Conclusion and Recommendations
Cassava is a versatile staple crop in Nigeria, serving as a major source of livelihood, especially for rural households. Unfortunately, poverty remains pervasive among these farmers, hence the need to explore the potential for value-addition. The study’s findings unequivocally established a robust causal relationship between cassava value addition and increased income among smallholder farmers in Kogi State, Nigeria. Employing propensity score matching to mitigate selection bias, the analysis revealed income premium ranging from ₦106,141 to ₦113,945 for cassava farmers who engaged in value-added as against those who do not engage in value addition. These findings revealed the potential of value addition as a strategic pathway to enhance rural livelihoods and agricultural transformation. Key factors influencing the adoption of value addition include gender, education, access to credit, age, market linkage, access to and farming experience. Women, individuals with higher educational attainment, and those with access to financial resources were more likely to engage in value-added activities. Access to credit gives farmers a higher advantage to engage in value addition practices.
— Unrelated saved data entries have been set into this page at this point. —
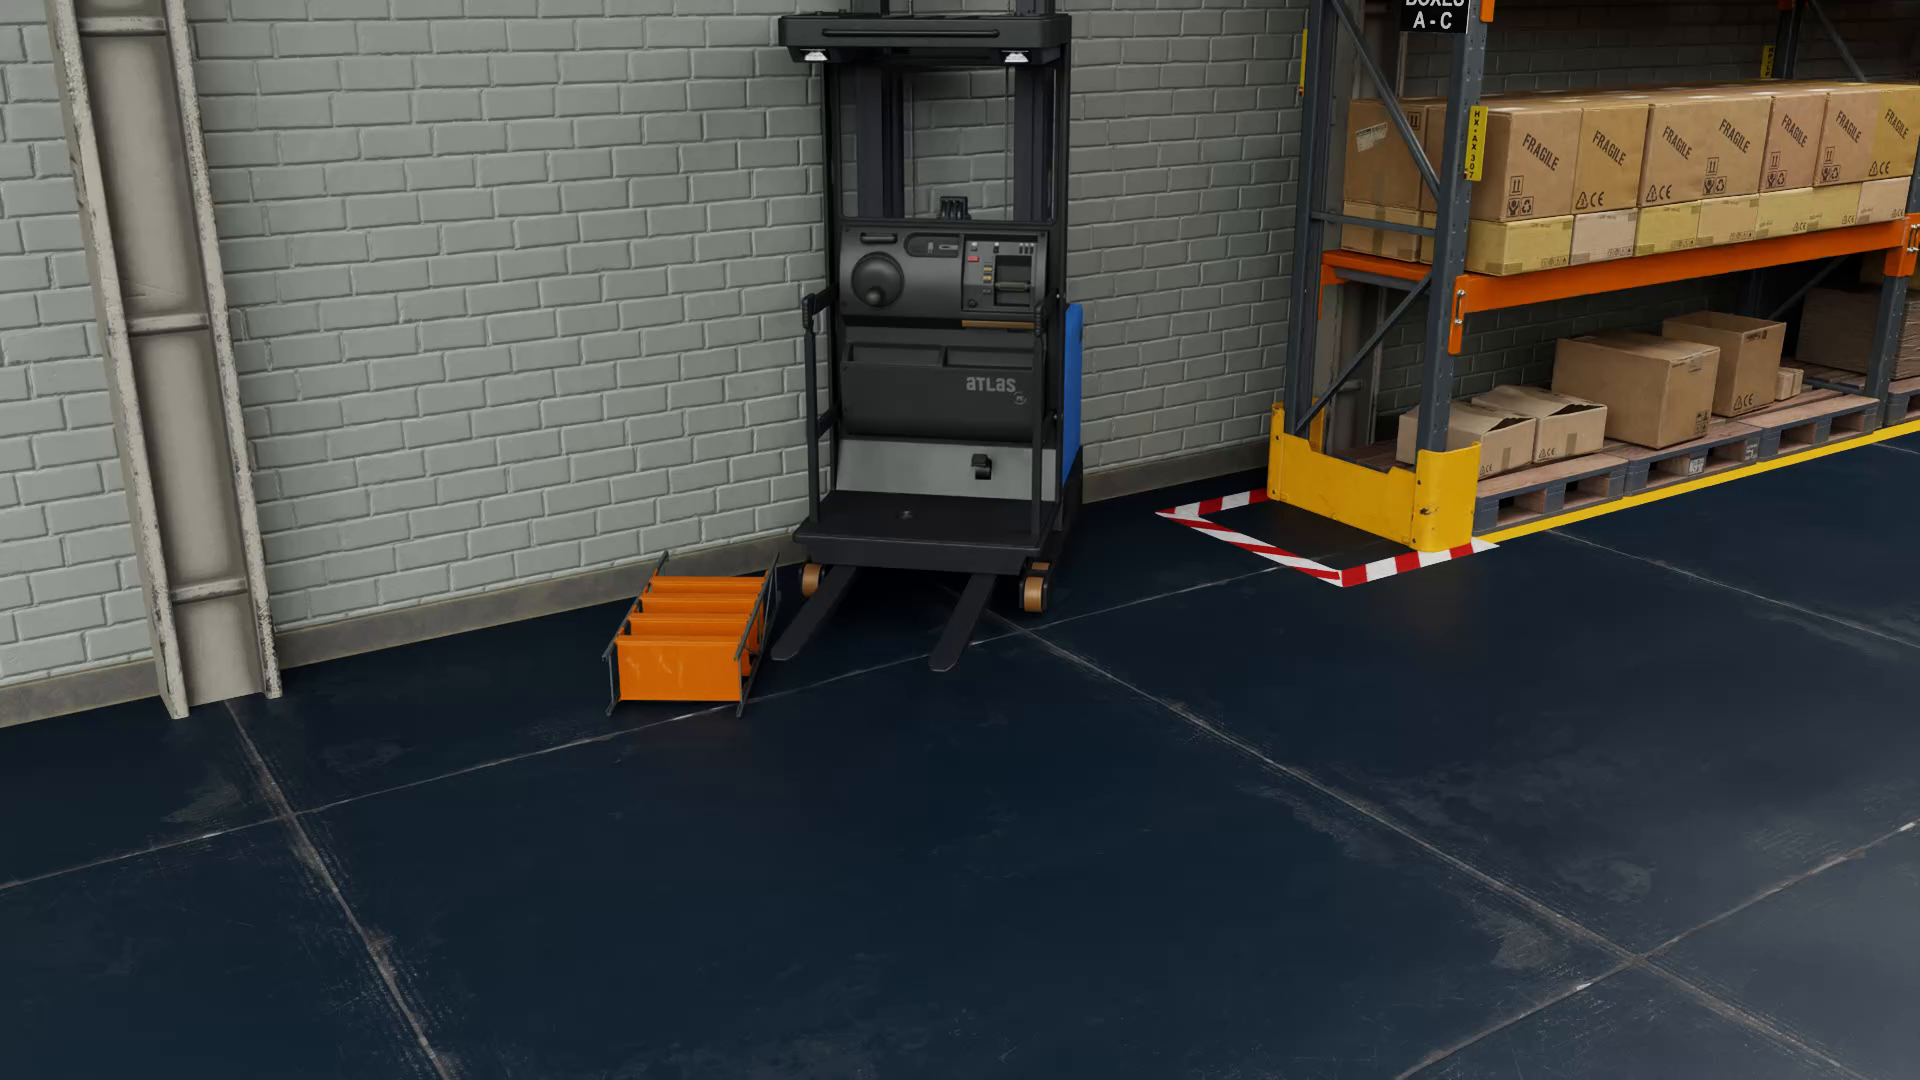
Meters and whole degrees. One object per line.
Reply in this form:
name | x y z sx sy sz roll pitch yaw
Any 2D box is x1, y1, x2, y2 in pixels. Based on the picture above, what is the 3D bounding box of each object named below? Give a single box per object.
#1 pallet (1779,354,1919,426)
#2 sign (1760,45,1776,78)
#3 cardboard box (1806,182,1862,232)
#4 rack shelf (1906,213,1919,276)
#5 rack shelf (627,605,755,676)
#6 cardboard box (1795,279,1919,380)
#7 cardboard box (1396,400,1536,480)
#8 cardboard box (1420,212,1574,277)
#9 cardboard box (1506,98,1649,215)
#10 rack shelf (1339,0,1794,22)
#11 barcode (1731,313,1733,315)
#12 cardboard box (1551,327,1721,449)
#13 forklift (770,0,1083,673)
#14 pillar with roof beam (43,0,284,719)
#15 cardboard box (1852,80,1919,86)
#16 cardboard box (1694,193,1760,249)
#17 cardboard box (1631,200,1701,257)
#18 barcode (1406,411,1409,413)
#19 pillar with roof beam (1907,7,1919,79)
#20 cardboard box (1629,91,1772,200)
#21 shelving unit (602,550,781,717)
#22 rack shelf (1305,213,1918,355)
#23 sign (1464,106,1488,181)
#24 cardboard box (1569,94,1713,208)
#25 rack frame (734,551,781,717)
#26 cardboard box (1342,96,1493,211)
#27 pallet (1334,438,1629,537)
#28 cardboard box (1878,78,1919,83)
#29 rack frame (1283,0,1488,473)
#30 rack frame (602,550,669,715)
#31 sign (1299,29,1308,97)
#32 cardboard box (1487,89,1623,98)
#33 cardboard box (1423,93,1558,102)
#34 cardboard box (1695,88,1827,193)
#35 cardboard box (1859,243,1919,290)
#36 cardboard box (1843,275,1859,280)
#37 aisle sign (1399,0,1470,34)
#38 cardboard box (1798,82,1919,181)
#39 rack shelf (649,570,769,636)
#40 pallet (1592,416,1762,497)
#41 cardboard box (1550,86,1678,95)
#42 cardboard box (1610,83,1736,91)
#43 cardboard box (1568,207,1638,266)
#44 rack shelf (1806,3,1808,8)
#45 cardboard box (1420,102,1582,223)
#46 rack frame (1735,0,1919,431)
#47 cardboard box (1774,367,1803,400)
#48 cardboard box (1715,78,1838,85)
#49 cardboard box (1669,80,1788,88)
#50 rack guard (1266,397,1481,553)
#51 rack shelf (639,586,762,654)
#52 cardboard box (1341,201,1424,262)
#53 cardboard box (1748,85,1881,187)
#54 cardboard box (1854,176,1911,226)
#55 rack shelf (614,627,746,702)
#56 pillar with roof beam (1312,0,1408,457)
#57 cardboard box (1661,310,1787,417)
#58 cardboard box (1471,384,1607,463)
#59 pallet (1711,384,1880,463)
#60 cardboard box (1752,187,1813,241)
pallet | 6.016 -1.046 11.008 1.213 0.211 1.003 -12 22 -31
sign | 5.058 -2.925 10.407 0.005 0.325 0.100 -12 22 -31
cardboard box | 4.717 -1.918 9.436 0.500 0.250 0.500 -12 22 -31
rack shelf | 7.037 -2.241 11.312 4.000 0.370 1.077 -12 22 -31
rack shelf | -1.060 0.402 6.595 0.480 0.258 0.148 0 19 1
cardboard box | 5.972 -1.388 10.881 0.500 0.500 0.700 -11 22 -30
cardboard box | 2.653 -0.557 8.720 0.500 0.311 0.500 -15 24 -37
cardboard box | 2.608 -1.464 8.095 0.500 0.250 0.500 -13 22 -33
cardboard box | 3.008 -1.906 8.232 0.500 0.500 0.500 -12 22 -31
rack shelf | 3.696 -2.957 8.748 4.000 0.370 1.077 -12 22 -31
barcode | 4.784 -1.374 10.342 0.075 0.075 0.001 -12 22 -31
cardboard box | 3.770 -0.863 9.330 0.500 0.500 0.700 -14 23 -35
forklift | -0.111 -1.191 7.190 1.130 2.935 3.031 3 19 10
pillar with roof beam | -0.509 -2.513 1.627 0.400 9.000 9.100 -12 22 -31
cardboard box | 5.810 -2.565 10.307 0.500 0.500 0.700 -12 22 -31
cardboard box | 3.886 -1.736 8.899 0.500 0.250 0.500 -12 22 -31
cardboard box | 3.463 -1.647 8.637 0.500 0.250 0.500 -12 22 -32
barcode | 2.448 -0.672 9.045 0.075 0.075 0.001 -12 22 -31
pillar with roof beam | 9.513 -4.627 7.879 0.400 9.000 9.100 -12 22 -31
cardboard box | 3.868 -2.090 8.775 0.500 0.500 0.500 -11 22 -30
shelving unit | -1.056 0.352 6.743 0.503 0.258 1.200 0 19 1
rack shelf | 3.696 -1.536 9.228 4.000 0.370 1.077 -12 22 -31
sign | 2.324 -1.790 7.503 0.005 0.325 0.100 -12 22 -31
cardboard box | 3.443 -1.996 8.496 0.500 0.500 0.500 -13 22 -33
rack frame | -0.812 0.354 6.738 0.015 0.240 1.200 0 19 1
cardboard box | 2.303 -1.958 8.385 0.500 0.500 0.500 -12 22 -32
pallet | 2.787 -0.351 8.952 1.213 0.211 1.003 -12 22 -31
cardboard box | 6.281 -2.662 10.592 0.500 0.500 0.700 -9 21 -26
rack frame | 2.026 -1.525 8.071 0.127 3.000 1.000 -12 22 -31
rack frame | -1.300 0.350 6.749 0.015 0.240 1.200 0 19 1
sign | 1.737 -2.375 8.284 0.005 0.325 0.100 -12 22 -31
cardboard box | 3.158 -2.136 8.913 0.500 0.500 0.500 -13 22 -33
cardboard box | 2.728 -2.044 8.640 0.500 0.500 0.500 -12 22 -31
cardboard box | 4.302 -2.182 9.046 0.500 0.500 0.500 -13 22 -33
cardboard box | 6.338 -1.821 10.994 0.500 0.250 0.500 -12 22 -33
cardboard box | 6.376 -1.492 11.190 0.500 0.500 0.700 -12 22 -32
aisle sign | 2.131 -2.663 7.380 0.004 0.787 0.394 -12 22 -31
cardboard box | 5.142 -2.357 9.565 0.500 0.500 0.500 -12 22 -32
rack shelf | -1.049 0.267 6.995 0.480 0.258 0.148 0 19 1
pallet | 3.805 -0.564 9.584 1.213 0.211 1.003 -12 22 -31
cardboard box | 3.578 -2.225 9.175 0.500 0.500 0.500 -12 22 -31
cardboard box | 4.006 -2.319 9.454 0.500 0.500 0.500 -11 22 -30
cardboard box | 3.034 -1.559 8.377 0.500 0.250 0.500 -13 22 -33
rack shelf | 7.037 -3.662 10.832 4.000 0.370 1.077 -12 22 -31
cardboard box | 2.590 -1.822 7.983 0.500 0.500 0.500 -12 22 -31
rack frame | 5.367 -2.229 10.155 0.127 3.000 1.000 -12 22 -31
cardboard box | 4.936 -0.993 10.236 0.250 0.166 0.380 -16 24 -38
cardboard box | 4.859 -2.496 9.976 0.500 0.500 0.500 -13 22 -33
cardboard box | 4.425 -2.406 9.709 0.500 0.500 0.500 -12 22 -32
rack guard | 2.089 -0.354 8.511 0.348 0.500 1.175 -12 22 -31
rack shelf | -1.054 0.331 6.807 0.480 0.258 0.148 0 19 1
cardboard box | 2.310 -1.597 8.489 0.500 0.250 0.500 -12 22 -31
cardboard box | 4.728 -2.267 9.300 0.500 0.500 0.500 -12 22 -32
cardboard box | 5.138 -2.003 9.689 0.500 0.250 0.500 -12 22 -31
rack shelf | -1.065 0.478 6.371 0.480 0.258 0.148 0 19 1
pillar with roof beam | 4.502 -3.570 4.753 0.400 9.000 9.100 -12 22 -31
cardboard box | 4.522 -1.060 9.912 0.500 0.500 0.500 -14 23 -35
cardboard box | 3.129 -0.657 9.017 0.500 0.311 0.500 -10 21 -27
pallet | 4.825 -0.780 10.224 1.213 0.211 1.003 -12 22 -31
cardboard box | 4.305 -1.825 9.162 0.500 0.250 0.500 -12 22 -32
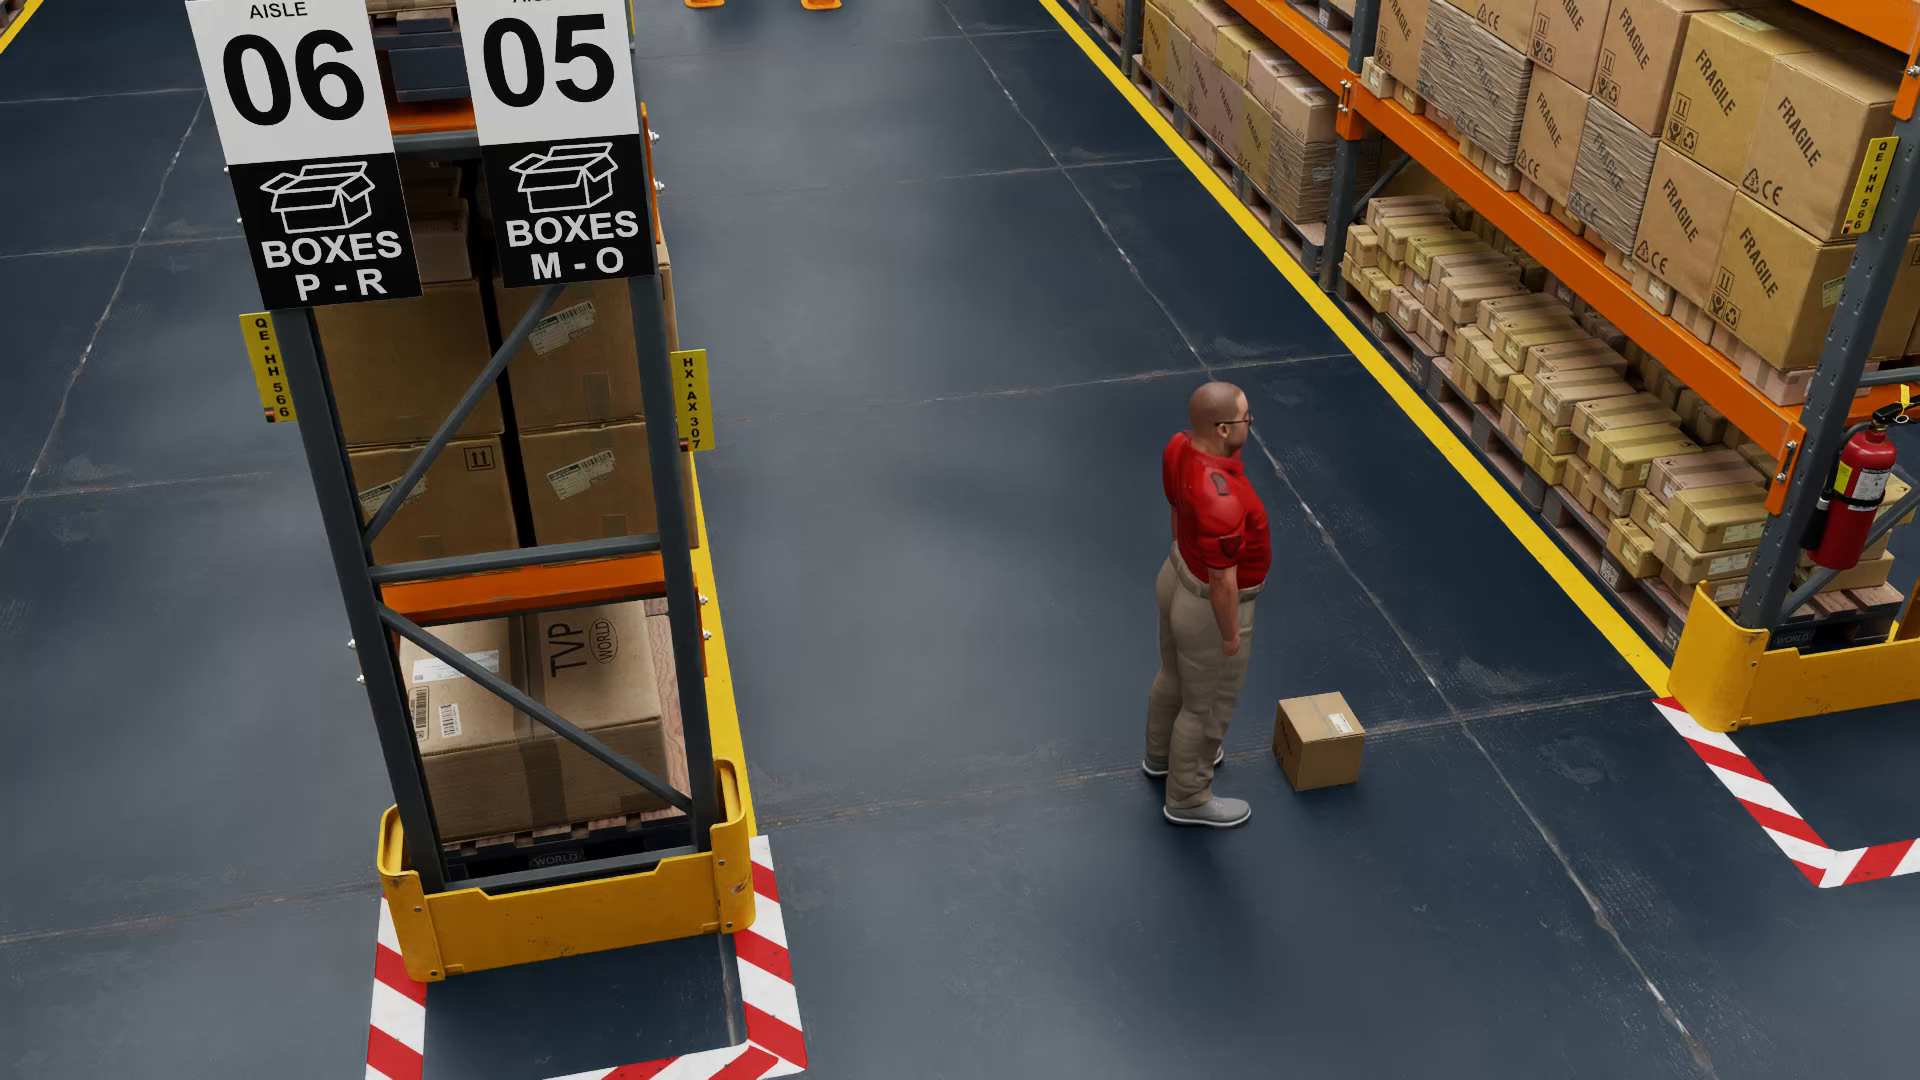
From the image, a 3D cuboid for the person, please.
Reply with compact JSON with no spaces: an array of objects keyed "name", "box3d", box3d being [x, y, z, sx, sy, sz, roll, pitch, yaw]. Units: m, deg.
[{"name":"person","box3d":[0.883,0.215,5.849,0.361,1.734,0.532,-7,35,-10]}]
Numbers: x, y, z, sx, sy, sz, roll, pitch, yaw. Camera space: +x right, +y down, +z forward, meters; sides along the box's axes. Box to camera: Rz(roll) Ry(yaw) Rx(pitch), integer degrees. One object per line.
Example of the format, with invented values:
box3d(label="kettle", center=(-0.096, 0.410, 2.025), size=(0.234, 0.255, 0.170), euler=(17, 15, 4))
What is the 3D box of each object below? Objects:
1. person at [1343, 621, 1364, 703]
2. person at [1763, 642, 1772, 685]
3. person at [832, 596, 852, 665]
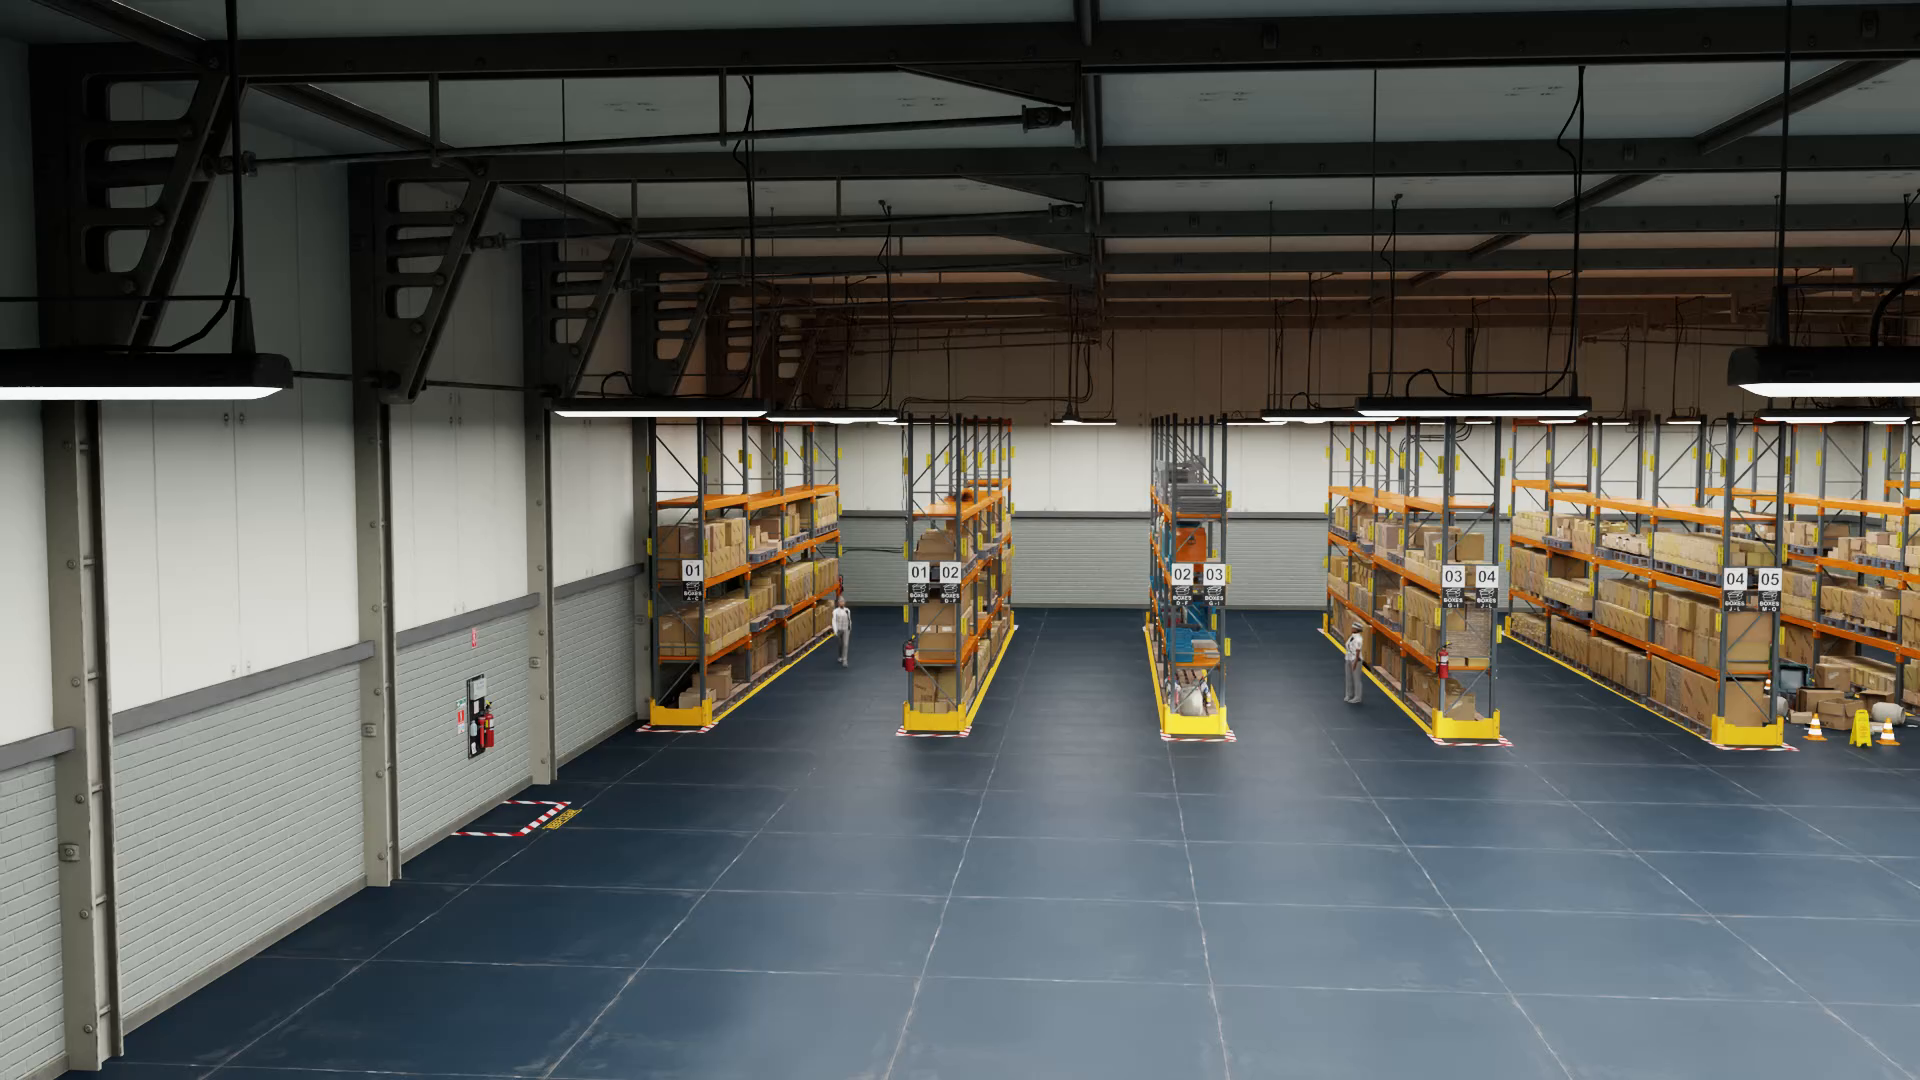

By providing farmers with the necessary financial resources, credit facilitates investments in processing equipment, raw materials, and working capital. Consequently, it empowers them to diversify income sources, reduce income volatility, and enhance overall agricultural productivity.
This study recommends that policymakers and development practitioners should prioritize investments in gender-responsive initiatives, education and skill development, and access to finance. The revitalization of agricultural cooperatives and other farmer organizations is also imperative to enhance their capacity to support value-added activities. In subsequent studies, researchers could explore additional identification strategies, such as using instrumental variables (IV), difference-in-differences (DID) with panel data, or other approaches that can help address latent heterogeneity.